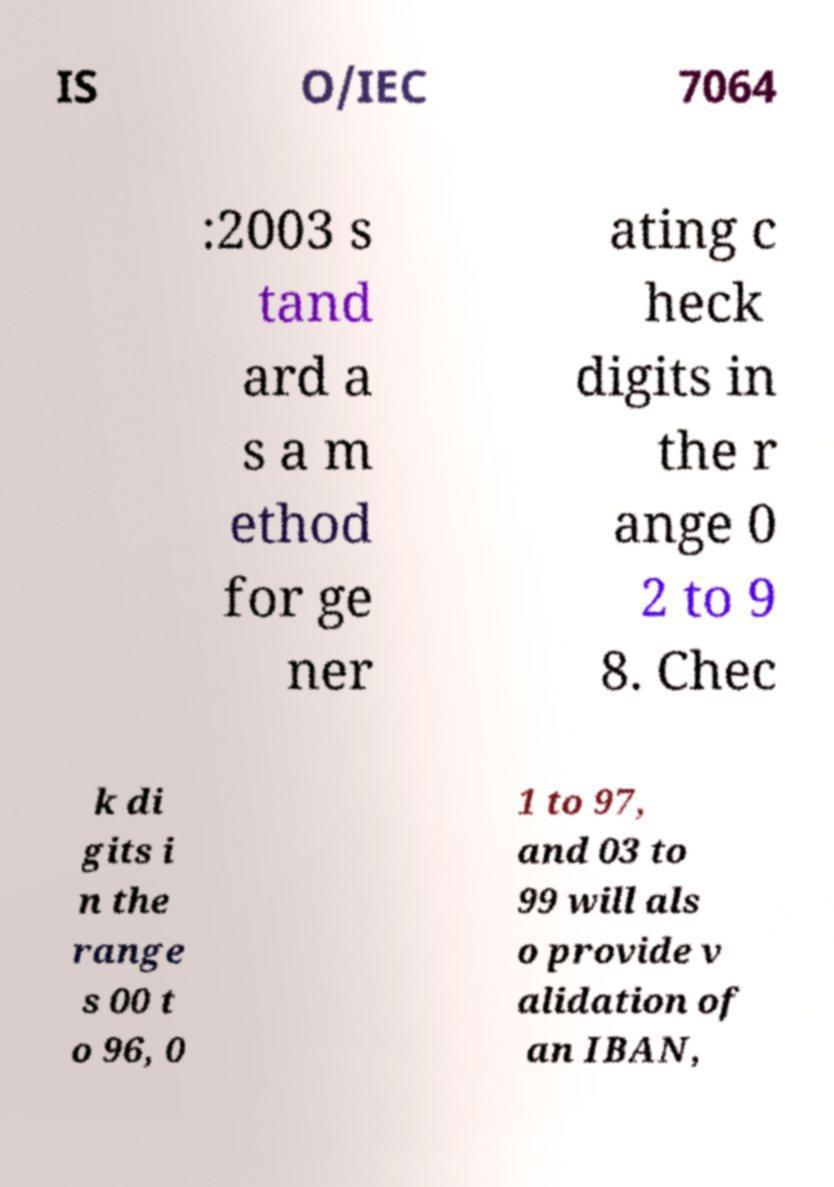Can you accurately transcribe the text from the provided image for me? IS O/IEC 7064 :2003 s tand ard a s a m ethod for ge ner ating c heck digits in the r ange 0 2 to 9 8. Chec k di gits i n the range s 00 t o 96, 0 1 to 97, and 03 to 99 will als o provide v alidation of an IBAN, 
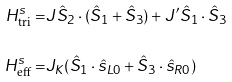<formula> <loc_0><loc_0><loc_500><loc_500>H _ { \text {tri} } ^ { s } = & J \hat { S } _ { 2 } \cdot ( \hat { S } _ { 1 } + \hat { S } _ { 3 } ) + J ^ { \prime } \hat { S } _ { 1 } \cdot \hat { S } _ { 3 } \\ H _ { \text {eff} } ^ { s } = & J _ { K } ( \hat { S } _ { 1 } \cdot \hat { s } _ { L 0 } + \hat { S } _ { 3 } \cdot \hat { s } _ { R 0 } )</formula> 
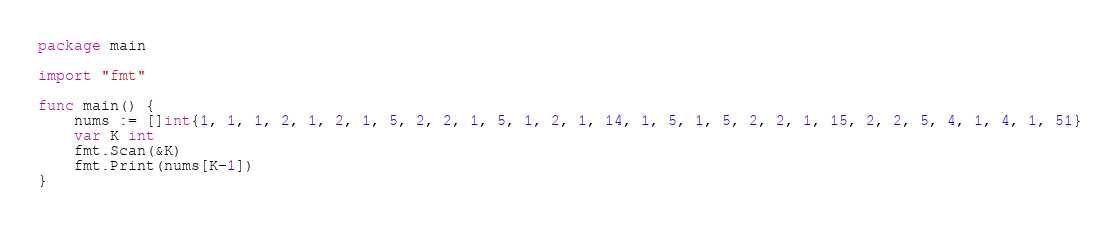Convert code to text. <code><loc_0><loc_0><loc_500><loc_500><_Go_>package main

import "fmt"

func main() {
	nums := []int{1, 1, 1, 2, 1, 2, 1, 5, 2, 2, 1, 5, 1, 2, 1, 14, 1, 5, 1, 5, 2, 2, 1, 15, 2, 2, 5, 4, 1, 4, 1, 51}
	var K int
	fmt.Scan(&K)
	fmt.Print(nums[K-1])
}
</code> 
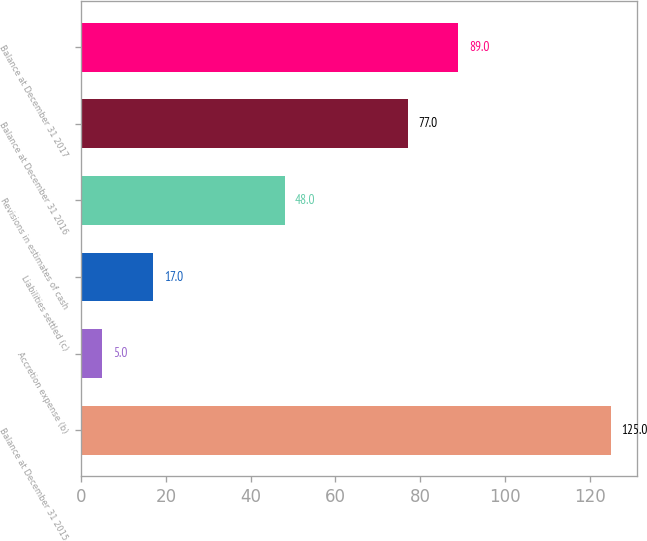<chart> <loc_0><loc_0><loc_500><loc_500><bar_chart><fcel>Balance at December 31 2015<fcel>Accretion expense (b)<fcel>Liabilities settled (c)<fcel>Revisions in estimates of cash<fcel>Balance at December 31 2016<fcel>Balance at December 31 2017<nl><fcel>125<fcel>5<fcel>17<fcel>48<fcel>77<fcel>89<nl></chart> 
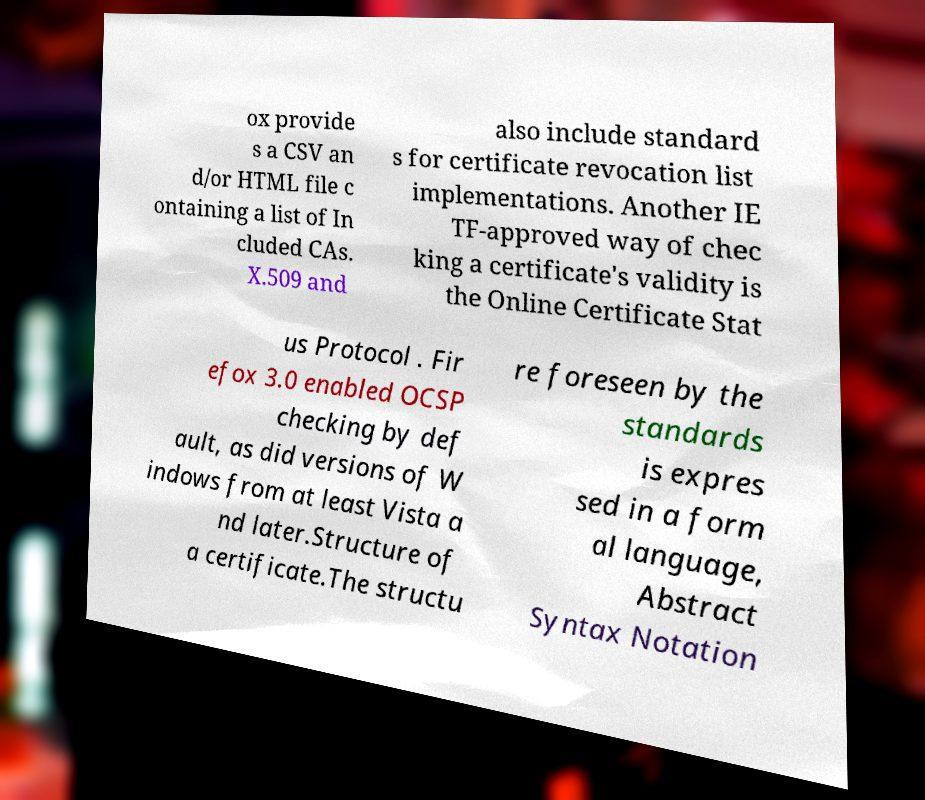Please read and relay the text visible in this image. What does it say? ox provide s a CSV an d/or HTML file c ontaining a list of In cluded CAs. X.509 and also include standard s for certificate revocation list implementations. Another IE TF-approved way of chec king a certificate's validity is the Online Certificate Stat us Protocol . Fir efox 3.0 enabled OCSP checking by def ault, as did versions of W indows from at least Vista a nd later.Structure of a certificate.The structu re foreseen by the standards is expres sed in a form al language, Abstract Syntax Notation 
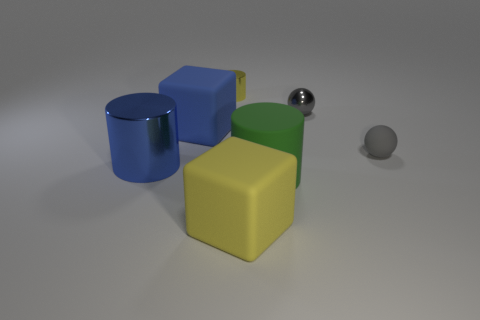There is a block that is left of the tiny object that is left of the gray metal object; what is it made of?
Your answer should be very brief. Rubber. What number of objects are left of the green rubber thing and in front of the big blue block?
Make the answer very short. 2. How many other objects are there of the same size as the green object?
Ensure brevity in your answer.  3. There is a large object that is in front of the green rubber cylinder; is its shape the same as the tiny gray thing that is behind the gray matte ball?
Keep it short and to the point. No. There is a gray rubber object; are there any tiny metallic objects to the right of it?
Ensure brevity in your answer.  No. There is another matte object that is the same shape as the blue rubber object; what is its color?
Make the answer very short. Yellow. Are there any other things that are the same shape as the large blue matte thing?
Your answer should be compact. Yes. What is the material of the small ball that is in front of the blue matte object?
Your answer should be compact. Rubber. What size is the other object that is the same shape as the tiny matte object?
Offer a terse response. Small. How many tiny gray balls have the same material as the big green object?
Make the answer very short. 1. 
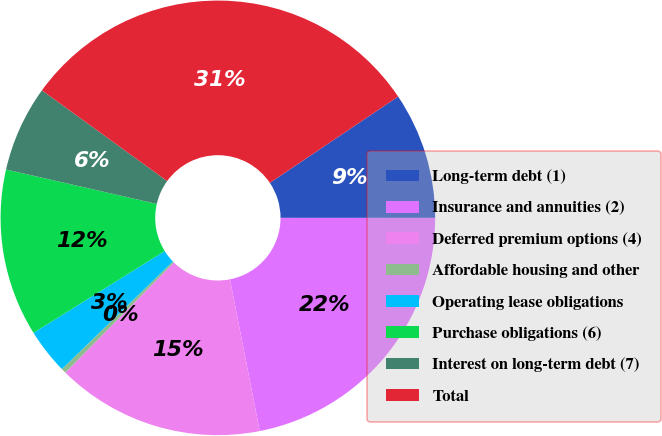<chart> <loc_0><loc_0><loc_500><loc_500><pie_chart><fcel>Long-term debt (1)<fcel>Insurance and annuities (2)<fcel>Deferred premium options (4)<fcel>Affordable housing and other<fcel>Operating lease obligations<fcel>Purchase obligations (6)<fcel>Interest on long-term debt (7)<fcel>Total<nl><fcel>9.43%<fcel>21.91%<fcel>15.47%<fcel>0.36%<fcel>3.38%<fcel>12.45%<fcel>6.41%<fcel>30.59%<nl></chart> 
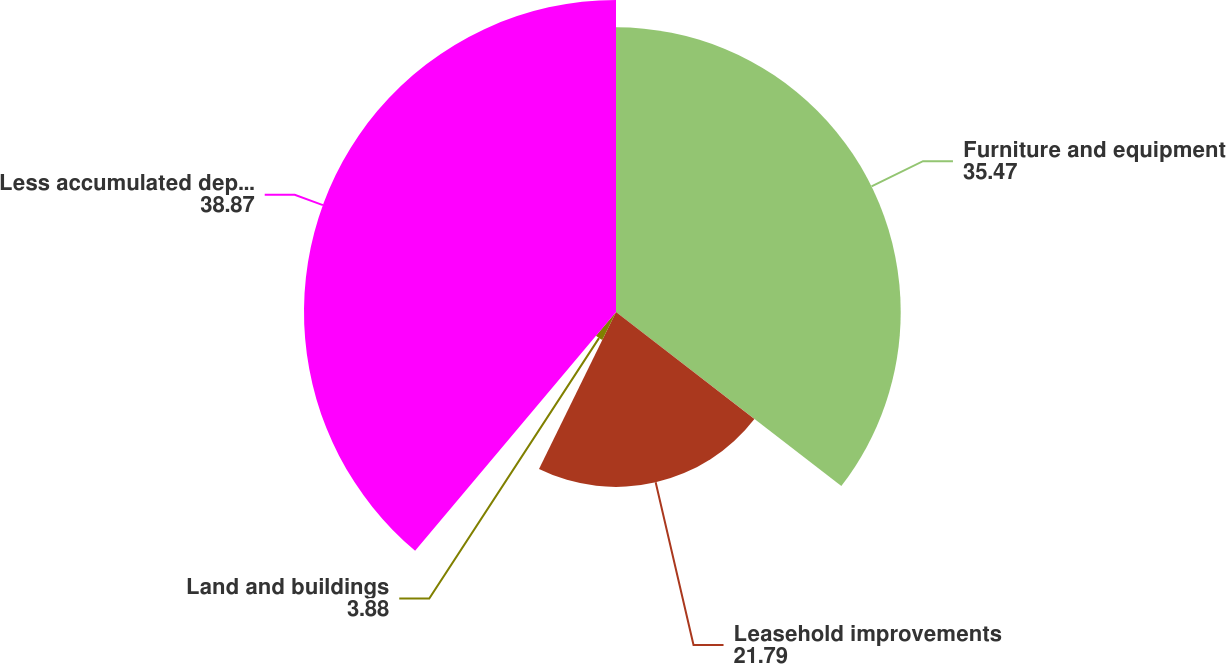<chart> <loc_0><loc_0><loc_500><loc_500><pie_chart><fcel>Furniture and equipment<fcel>Leasehold improvements<fcel>Land and buildings<fcel>Less accumulated depreciation<nl><fcel>35.47%<fcel>21.79%<fcel>3.88%<fcel>38.87%<nl></chart>

Required work: Check each line of the listing above, and copy it if it contains the word "large".

Response to the exercise:
Ensure brevity in your answer.  3. There is a large object that is in front of the green rubber cylinder; is its shape the same as the tiny gray thing that is behind the gray matte ball?
Make the answer very short. Yellow. Are there any other things that are the same shape as the large blue matte thing?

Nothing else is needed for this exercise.